Eurico, o Presbítero/IX
"Congregados todos os godos, opôs‑se à entrada dos árabes e valorosamente foi ao encontro da invasão."
Rodrigo de Toledo: Das Coisas de Esp. L. 3º.
Poucos dias haviam passado depois que o duque de Córduba recebera a última carta do infeliz Eurico. A frente das suas tiufadias ele se encaminhara para Híspalís, seguindo as margens do Bétis.
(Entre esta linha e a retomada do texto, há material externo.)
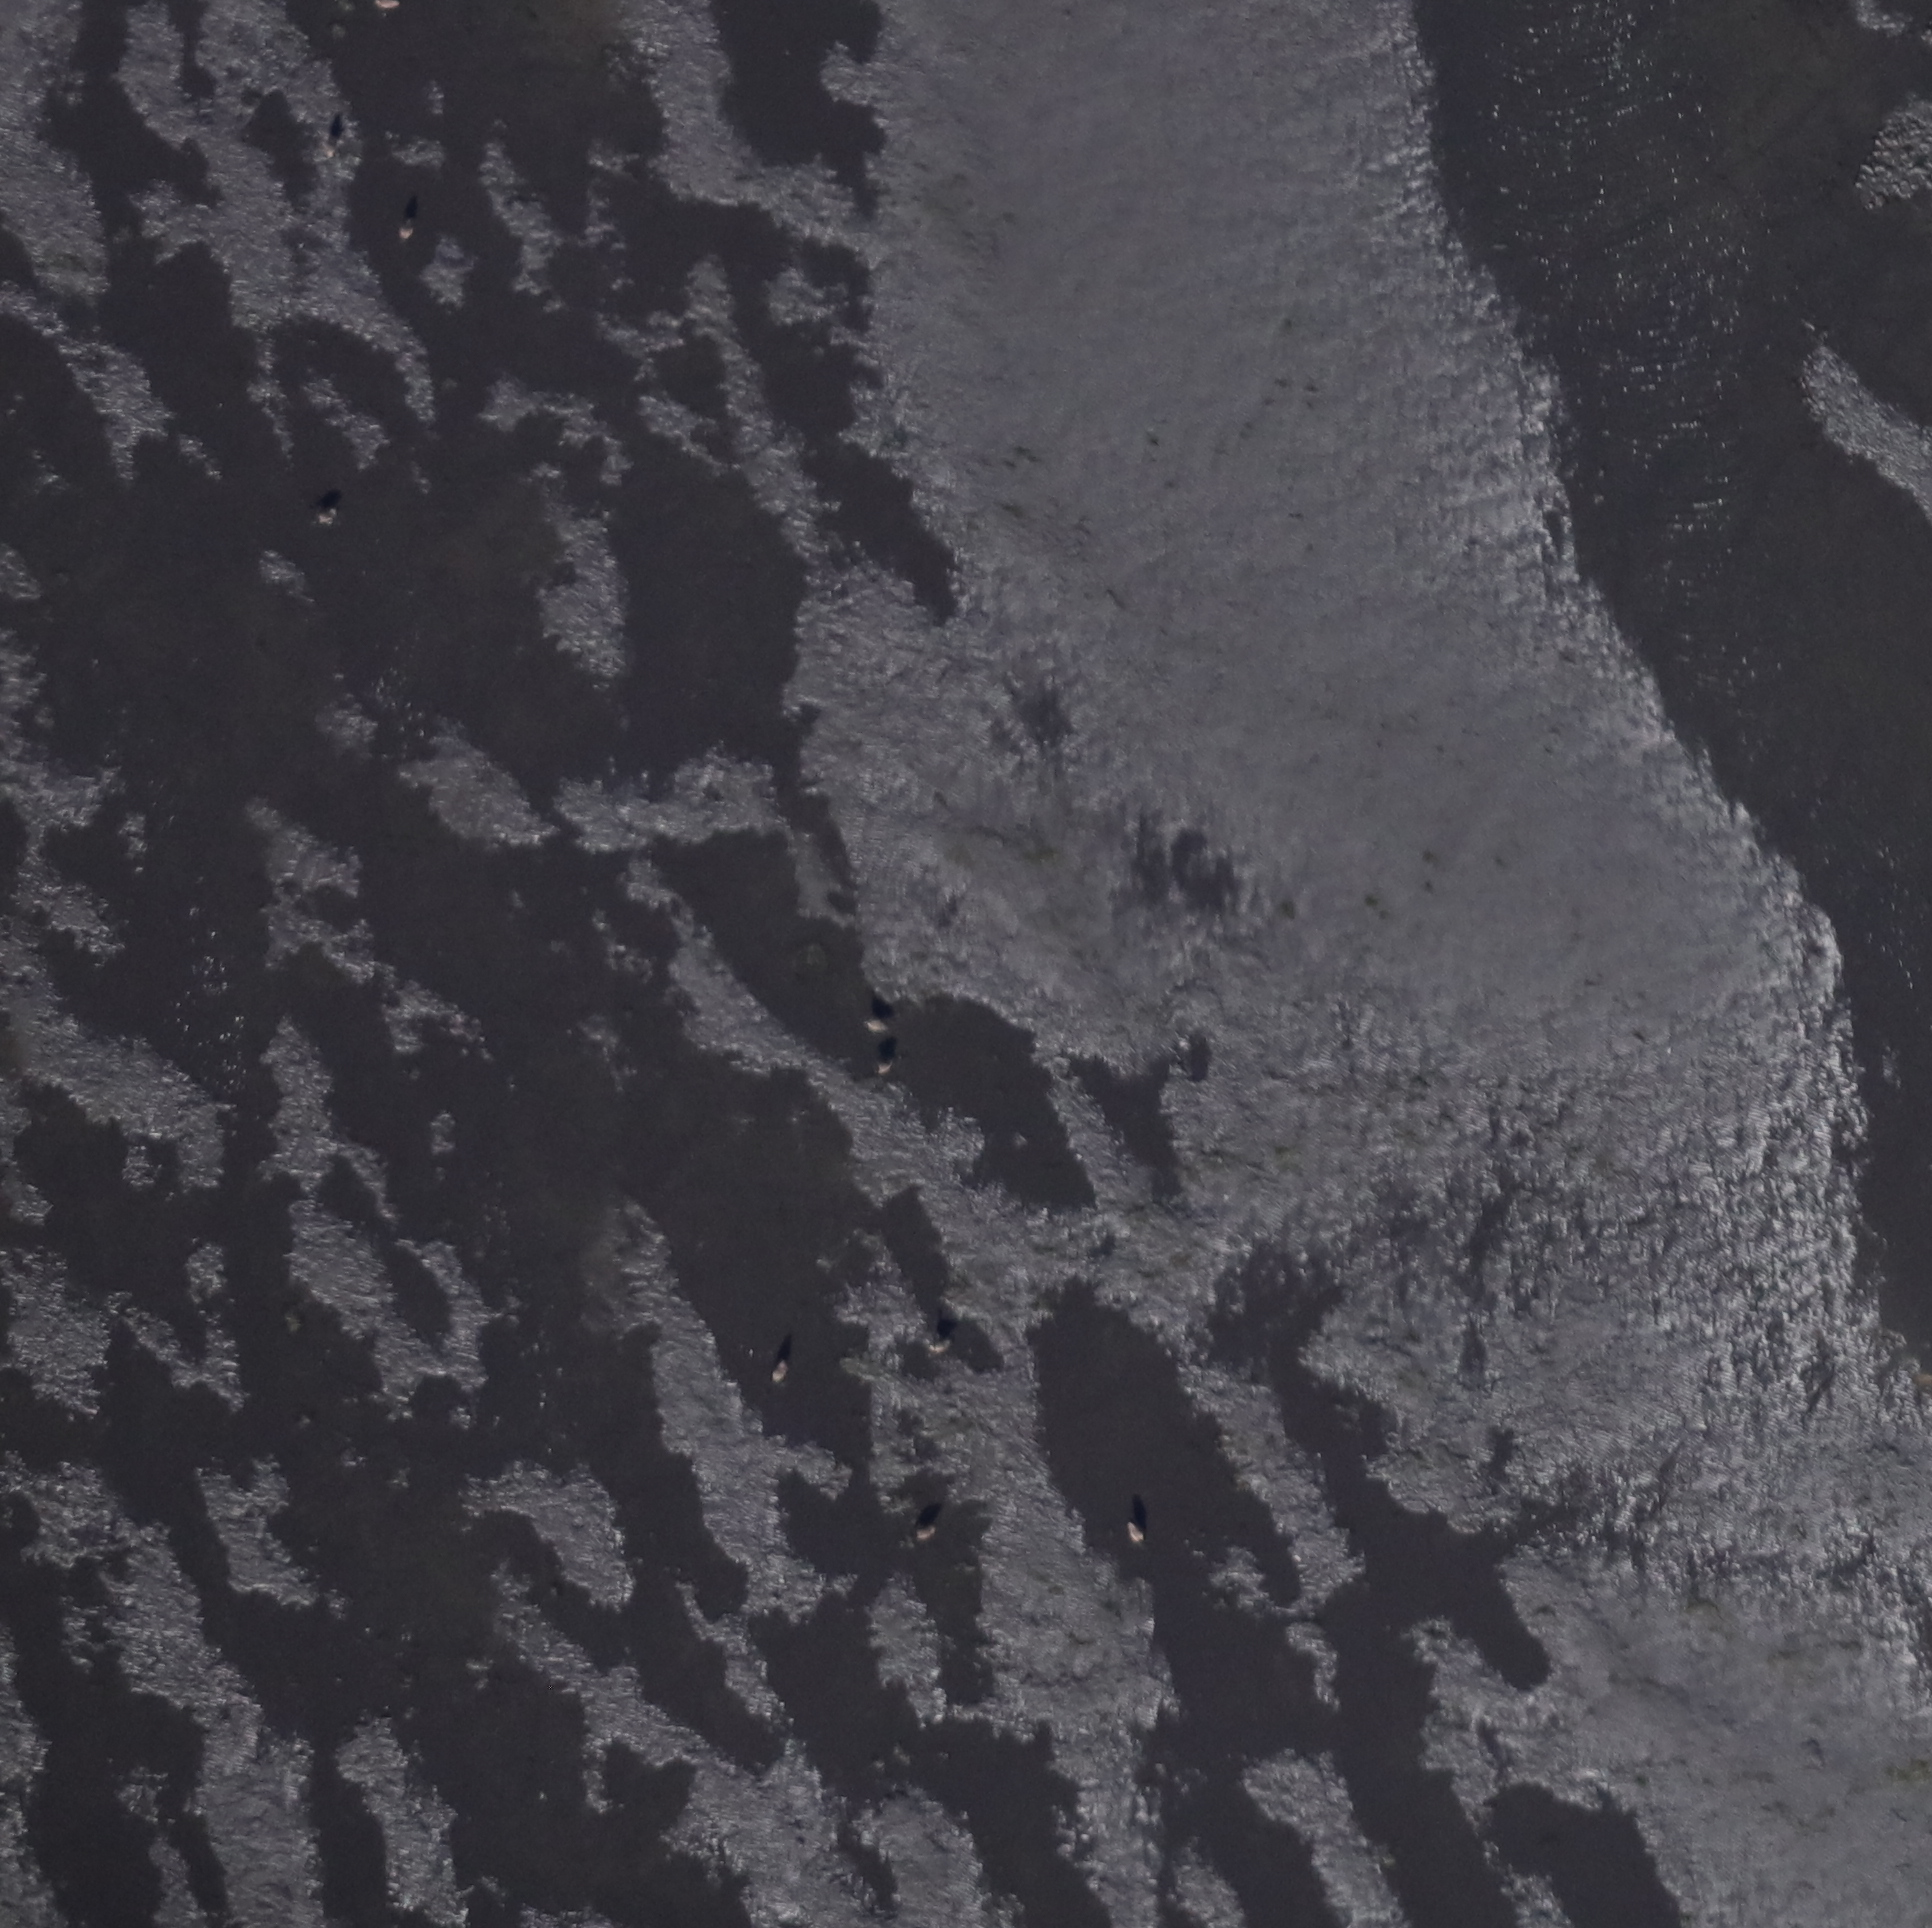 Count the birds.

10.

Ao chegar à antiga Rômula, o bispo Opas recebeu‑o com demonstrações de alegria tais, que as suspeitas de Teodomiro, suscitadas, malgrado seu, pelas revelações do presbítero, quase se desvaneceram. Na linguagem do sacerdote parecia reverberar‑se indignação profunda contra o conde de Septum e contra os demais godos que tentavam unidos com os bárbaros, assolar a terra natal. O metropolita, segundo os costumes daquela época, tinha deposto o báculo de pastor para cingir a espada de guerreiro, e aos paços episcopais de Hípalis viam‑se chegar todos os dias os parentes de Opas e, por isso, de Vítiza, cujo irmão este era. Os nobres que tinham seguido o bando dos mancebos Sisebuto e Ebas e que, pela maior parte, viviam longe da corte, ajuntavam os seus servos e clientes à hoste do bispo guerreiro, que prometia acompanhar o rei godo com um esquadrão mais lustroso que o de seus sobrinhos, a quem Roderico dera de feito o mando supremo de uma das alas do exército que congregara em Toletum.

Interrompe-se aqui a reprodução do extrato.